Gefikin (Gefitinib) 250 mg is indicated for the treatment of locally advanced or metastatic non-small cell lung cancer (NSCLC) in patients with activating mutations of the epidermal growth factor receptor (EGFR) gene.

2. Pharmacology:

Gefikin (Gefitinib) 250 mg exerts its pharmacological effects by selectively inhibiting the tyrosine kinase activity of the epidermal growth factor receptor (EGFR).
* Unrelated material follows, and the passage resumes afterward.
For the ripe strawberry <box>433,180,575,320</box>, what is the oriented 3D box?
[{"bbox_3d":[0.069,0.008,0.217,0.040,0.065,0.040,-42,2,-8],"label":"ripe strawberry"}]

By blocking EGFR signaling, Gefikin inhibits cell proliferation, promotes apoptosis (programmed cell death), and reduces the growth and spread of cancer cells, particularly those with EGFR-activating mutations.

3. Dosage and Administration:

The recommended dosage of Gefikin (Gefitinib) 250 mg is one tablet taken orally once daily, with or without food. Treatment should continue until disease progression, unacceptable toxicity, or other treatment discontinuation criteria are met. Dose adjustments or discontinuation may be necessary based on individual patient response and tolerability.

4. Interaction:

Gefikin (Gefitinib) 250 mg may interact with other medications, including:

• Strong CYP3A4 inhibitors or inducers: Co-administration with drugs that affect CYP3A4 metabolism may alter the plasma concentration of Gefikin.
• Acid-reducing agents: Concurrent use of proton pump inhibitors (PPIs) or H2-receptor antagonists may decrease the absorption of Gefikin, potentially reducing its efficacy.
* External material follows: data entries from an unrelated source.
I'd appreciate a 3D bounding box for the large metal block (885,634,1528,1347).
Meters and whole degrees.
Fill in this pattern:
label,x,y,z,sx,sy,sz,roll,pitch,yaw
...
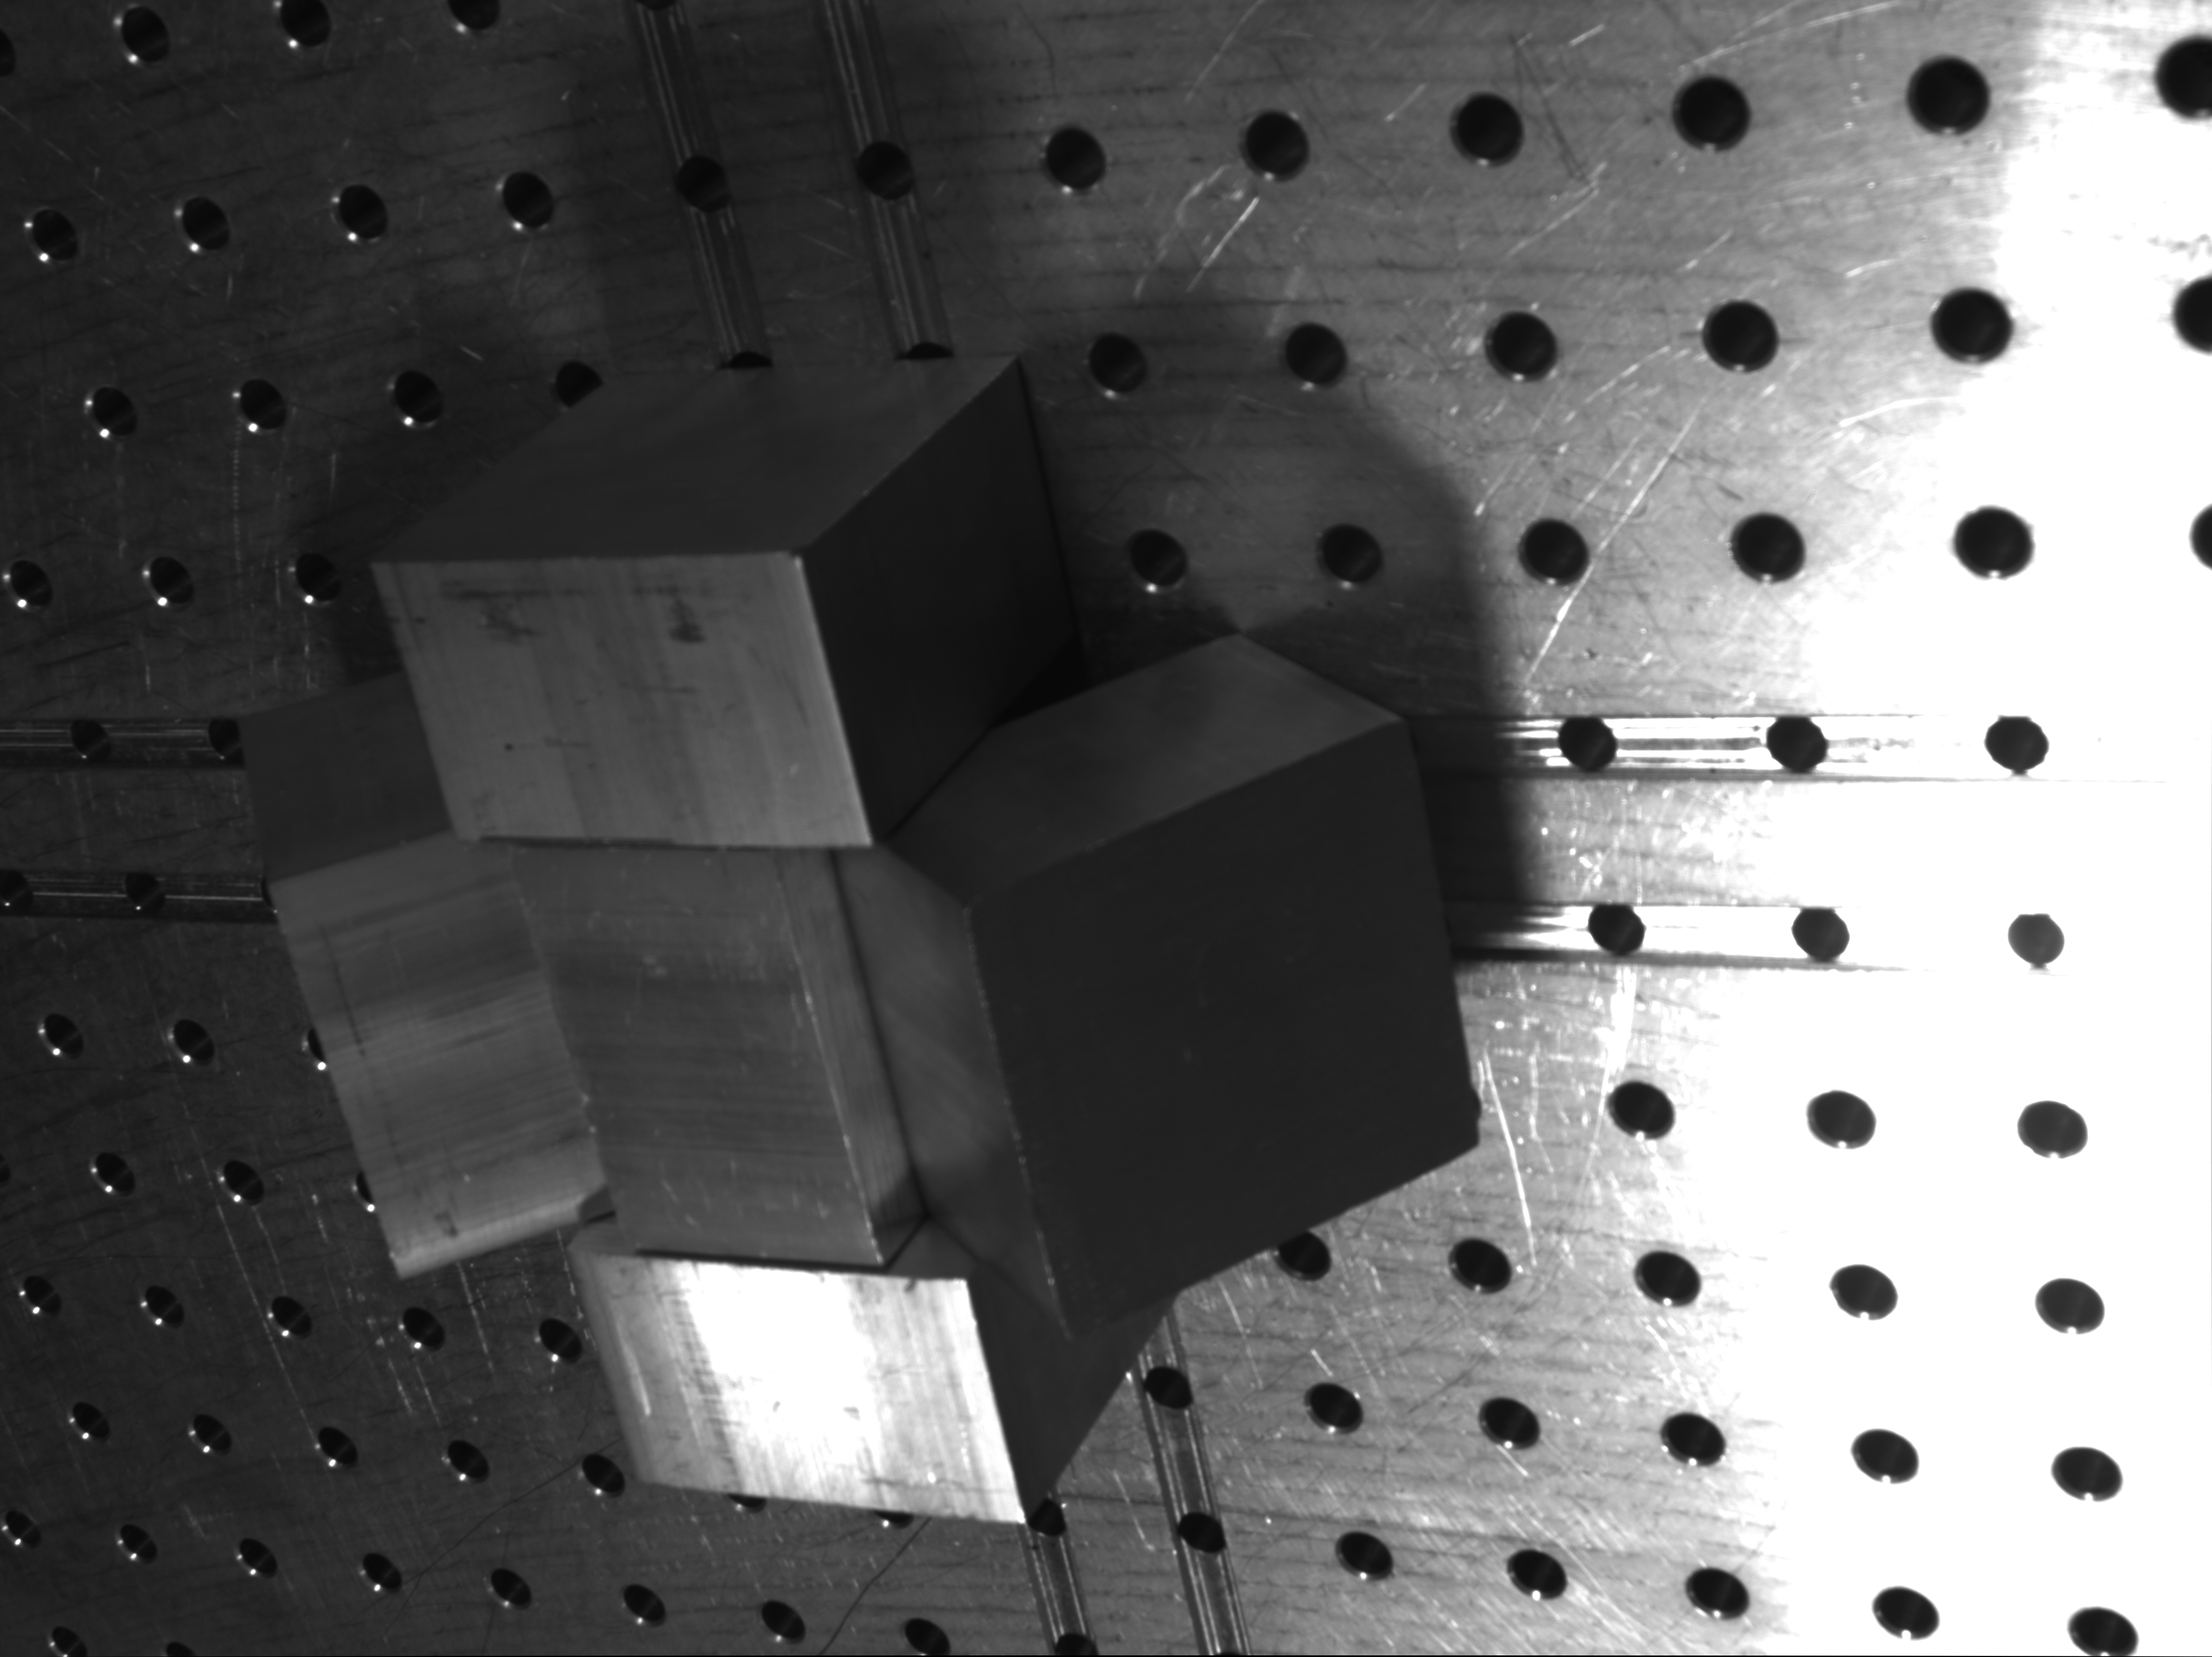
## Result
label,x,y,z,sx,sy,sz,roll,pitch,yaw
large metal block,0.016,0.025,0.595,0.050,0.080,0.080,32,140,56

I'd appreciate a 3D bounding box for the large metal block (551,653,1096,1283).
label,x,y,z,sx,sy,sz,roll,pitch,yaw
large metal block,-0.044,0.021,0.632,0.050,0.080,0.080,1,119,26

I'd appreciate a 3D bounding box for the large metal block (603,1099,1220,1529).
label,x,y,z,sx,sy,sz,roll,pitch,yaw
large metal block,-0.030,0.077,0.660,0.080,0.080,0.050,1,119,26

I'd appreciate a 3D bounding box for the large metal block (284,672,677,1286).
label,x,y,z,sx,sy,sz,roll,pitch,yaw
large metal block,-0.109,0.022,0.659,0.050,0.080,0.080,-17,116,-9

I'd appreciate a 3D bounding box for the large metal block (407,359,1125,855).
label,x,y,z,sx,sy,sz,roll,pitch,yaw
large metal block,-0.054,-0.037,0.602,0.080,0.080,0.050,1,119,26

Patients should inform their healthcare provider about all medications they are taking, including prescription, over-the-counter, and herbal products, to avoid potential interactions.

5. Side Effects:

Common side effects associated with Gefikin (Gefitinib) 250 mg may include:

• Diarrhea
• Rash
• Fatigue
• Nausea
• Decreased appetite
• Liver function abnormalities

Patients should report any persistent or severe side effects to their healthcare provider for further evaluation and management.
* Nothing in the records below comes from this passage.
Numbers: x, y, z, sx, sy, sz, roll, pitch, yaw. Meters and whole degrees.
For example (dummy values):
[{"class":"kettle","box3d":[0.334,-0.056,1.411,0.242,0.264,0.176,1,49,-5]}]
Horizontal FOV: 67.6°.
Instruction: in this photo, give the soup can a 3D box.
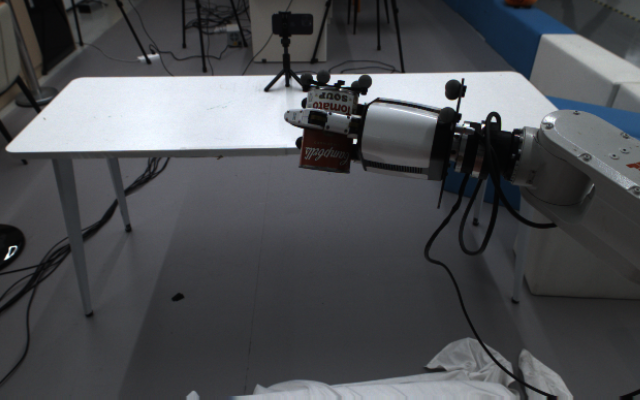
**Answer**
[{"class":"soup can","box3d":[0.012,-0.088,0.623,0.067,0.101,0.067,7,3,0]}]

6. Precautions and Warnings:

Before using Gefikin (Gefitinib) 250 mg, patients should be aware of the following precautions:

• Gefikin may cause interstitial lung disease (ILD) or pneumonitis, which can be fatal. Patients should be monitored for respiratory symptoms and undergo regular imaging studies during treatment.
• Hepatotoxicity, including liver function abnormalities, has been reported with Gefikin. Liver function tests should be performed before starting treatment and periodically thereafter.
• Gefikin may prolong the QT interval, increasing the risk of arrhythmias. Electrocardiograms (ECGs) should be monitored regularly, especially in patients with pre-existing cardiac conditions.

7. Overdose Effects:

In case of overdose with Gefikin (Gefitinib) 250 mg, supportive care should be initiated, and symptomatic treatment may be administered as necessary. There is no specific antidote for Gefikin overdose, and patients should seek immediate medical attention if overdose is suspected.